What to work on
After locating the line that contains "Convert formula to" in the data below, set down exactly that line and each one after it through the line that contains "Answer: 1944 What", and nothing more.

===== Records for this task =====

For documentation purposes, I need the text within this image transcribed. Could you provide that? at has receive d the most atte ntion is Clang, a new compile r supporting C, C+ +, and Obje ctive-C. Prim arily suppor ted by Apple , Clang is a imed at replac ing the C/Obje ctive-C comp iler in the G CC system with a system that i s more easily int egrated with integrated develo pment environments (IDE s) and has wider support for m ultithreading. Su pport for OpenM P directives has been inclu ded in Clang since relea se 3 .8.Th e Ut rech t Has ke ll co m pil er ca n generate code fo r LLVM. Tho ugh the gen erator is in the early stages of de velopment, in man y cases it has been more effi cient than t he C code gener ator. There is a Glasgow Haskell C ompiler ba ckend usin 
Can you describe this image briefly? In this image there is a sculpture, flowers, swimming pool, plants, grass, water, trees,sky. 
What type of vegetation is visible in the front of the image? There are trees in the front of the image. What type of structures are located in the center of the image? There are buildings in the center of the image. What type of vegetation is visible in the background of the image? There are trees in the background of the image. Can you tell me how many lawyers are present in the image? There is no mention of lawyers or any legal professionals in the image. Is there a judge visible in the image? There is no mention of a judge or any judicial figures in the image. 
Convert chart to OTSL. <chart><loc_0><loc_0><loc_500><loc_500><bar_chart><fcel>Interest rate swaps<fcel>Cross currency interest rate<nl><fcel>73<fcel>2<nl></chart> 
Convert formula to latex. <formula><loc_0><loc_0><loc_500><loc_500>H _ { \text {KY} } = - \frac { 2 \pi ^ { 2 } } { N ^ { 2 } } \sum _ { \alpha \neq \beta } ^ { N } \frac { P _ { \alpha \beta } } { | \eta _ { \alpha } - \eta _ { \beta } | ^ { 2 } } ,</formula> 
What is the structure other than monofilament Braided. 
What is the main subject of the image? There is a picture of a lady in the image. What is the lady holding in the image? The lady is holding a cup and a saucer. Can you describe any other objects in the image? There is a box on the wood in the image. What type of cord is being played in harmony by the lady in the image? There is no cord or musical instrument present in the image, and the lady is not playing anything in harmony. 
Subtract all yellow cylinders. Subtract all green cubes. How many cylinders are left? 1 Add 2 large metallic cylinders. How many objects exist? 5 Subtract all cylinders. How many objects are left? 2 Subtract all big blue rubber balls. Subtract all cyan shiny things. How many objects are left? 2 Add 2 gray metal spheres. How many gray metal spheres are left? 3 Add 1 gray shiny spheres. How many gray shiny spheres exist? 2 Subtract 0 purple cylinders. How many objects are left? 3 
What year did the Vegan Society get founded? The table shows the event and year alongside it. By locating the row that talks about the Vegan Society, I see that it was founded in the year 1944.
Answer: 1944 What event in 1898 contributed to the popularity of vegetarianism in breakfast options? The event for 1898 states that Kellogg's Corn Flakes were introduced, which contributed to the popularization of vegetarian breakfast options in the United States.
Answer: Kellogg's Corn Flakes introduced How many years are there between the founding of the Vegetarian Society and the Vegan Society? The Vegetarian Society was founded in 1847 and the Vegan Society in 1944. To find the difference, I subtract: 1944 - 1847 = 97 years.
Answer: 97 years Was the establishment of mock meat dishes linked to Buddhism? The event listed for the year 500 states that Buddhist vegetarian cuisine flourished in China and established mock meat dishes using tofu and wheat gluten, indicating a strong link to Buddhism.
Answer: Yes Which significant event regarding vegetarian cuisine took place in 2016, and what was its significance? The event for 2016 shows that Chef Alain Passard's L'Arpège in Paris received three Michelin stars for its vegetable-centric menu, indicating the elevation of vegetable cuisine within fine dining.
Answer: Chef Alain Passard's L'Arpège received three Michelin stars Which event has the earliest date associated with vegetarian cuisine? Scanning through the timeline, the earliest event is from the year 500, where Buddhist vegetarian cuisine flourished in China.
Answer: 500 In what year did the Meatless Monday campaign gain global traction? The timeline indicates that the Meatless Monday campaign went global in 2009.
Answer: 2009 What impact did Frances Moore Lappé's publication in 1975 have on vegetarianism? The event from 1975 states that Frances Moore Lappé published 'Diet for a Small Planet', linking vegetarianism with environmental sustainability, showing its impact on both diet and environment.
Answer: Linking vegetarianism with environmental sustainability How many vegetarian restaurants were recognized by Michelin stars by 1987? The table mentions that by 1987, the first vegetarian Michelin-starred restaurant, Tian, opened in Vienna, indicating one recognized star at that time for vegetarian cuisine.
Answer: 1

=====

Response below
Convert formula to latex. <formula><loc_0><loc_0><loc_500><loc_500>H _ { \text {KY} } = - \frac { 2 \pi ^ { 2 } } { N ^ { 2 } } \sum _ { \alpha \neq \beta } ^ { N } \frac { P _ { \alpha \beta } } { | \eta _ { \alpha } - \eta _ { \beta } | ^ { 2 } } ,</formula> 
What is the structure other than monofilament Braided. 
What is the main subject of the image? There is a picture of a lady in the image. What is the lady holding in the image? The lady is holding a cup and a saucer. Can you describe any other objects in the image? There is a box on the wood in the image. What type of cord is being played in harmony by the lady in the image? There is no cord or musical instrument present in the image, and the lady is not playing anything in harmony. 
Subtract all yellow cylinders. Subtract all green cubes. How many cylinders are left? 1 Add 2 large metallic cylinders. How many objects exist? 5 Subtract all cylinders. How many objects are left? 2 Subtract all big blue rubber balls. Subtract all cyan shiny things. How many objects are left? 2 Add 2 gray metal spheres. How many gray metal spheres are left? 3 Add 1 gray shiny spheres. How many gray shiny spheres exist? 2 Subtract 0 purple cylinders. How many objects are left? 3 
What year did the Vegan Society get founded? The table shows the event and year alongside it. By locating the row that talks about the Vegan Society, I see that it was founded in the year 1944.
Answer: 1944 What event in 1898 contributed to the popularity of vegetarianism in breakfast options? The event for 1898 states that Kellogg's Corn Flakes were introduced, which contributed to the popularization of vegetarian breakfast options in the United States.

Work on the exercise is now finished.